- **WORK INSTRUCTIONS**: Please repeat the records exactly. The pictures are to be left out.

- **RECORDS SUPPLIED**:
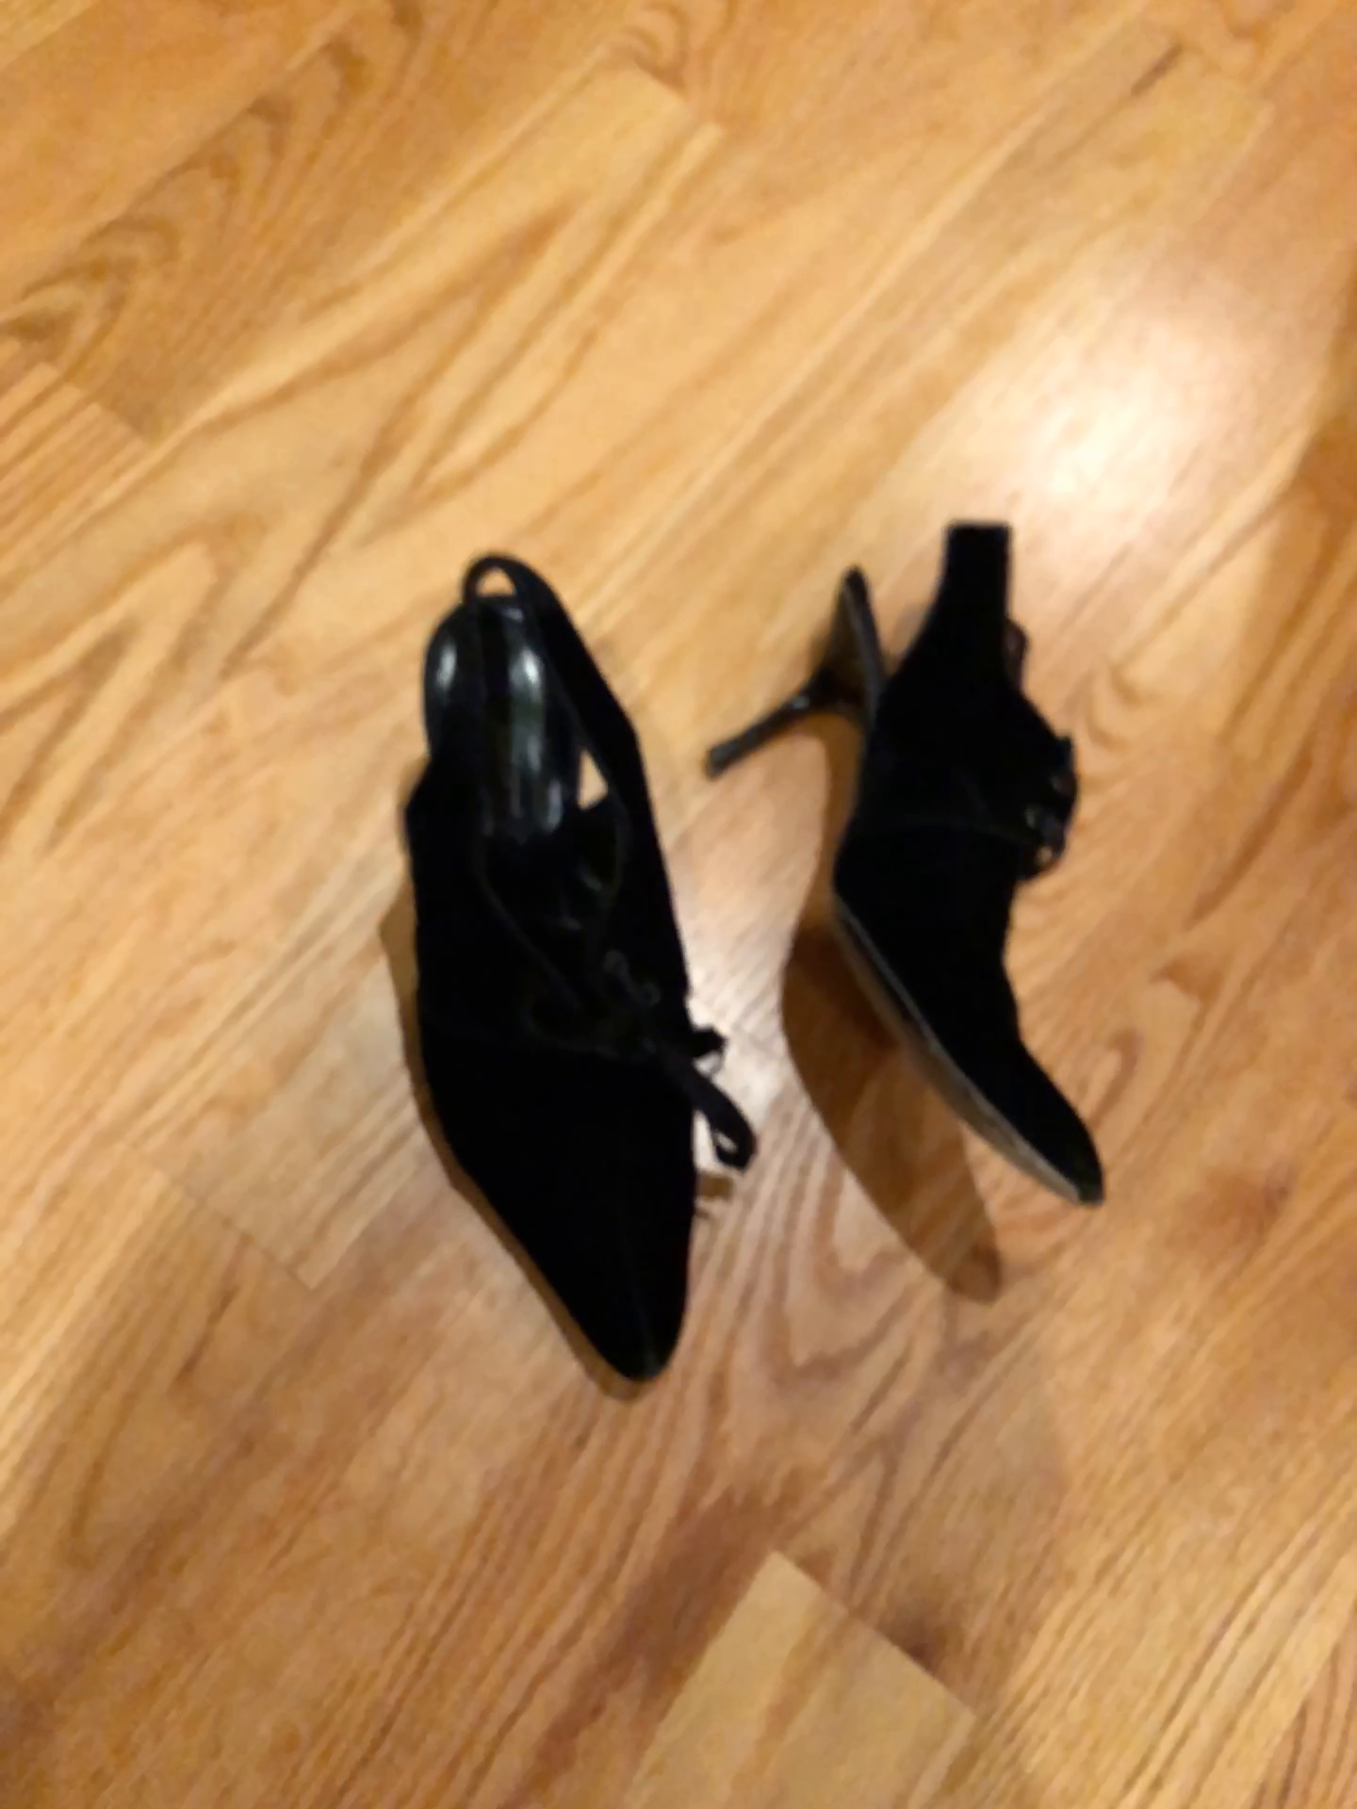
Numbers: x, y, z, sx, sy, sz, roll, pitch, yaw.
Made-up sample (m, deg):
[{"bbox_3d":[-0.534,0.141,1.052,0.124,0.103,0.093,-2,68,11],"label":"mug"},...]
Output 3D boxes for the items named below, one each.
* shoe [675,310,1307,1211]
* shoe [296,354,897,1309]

- **SOLUTION TO THE EXERCISE**:
Numbers: x, y, z, sx, sy, sz, roll, pitch, yaw.
Made-up sample (m, deg):
[{"bbox_3d":[-0.534,0.141,1.052,0.124,0.103,0.093,-2,68,11],"label":"mug"},...]
Output 3D boxes for the items named below, one each.
* shoe [675,310,1307,1211]
* shoe [296,354,897,1309]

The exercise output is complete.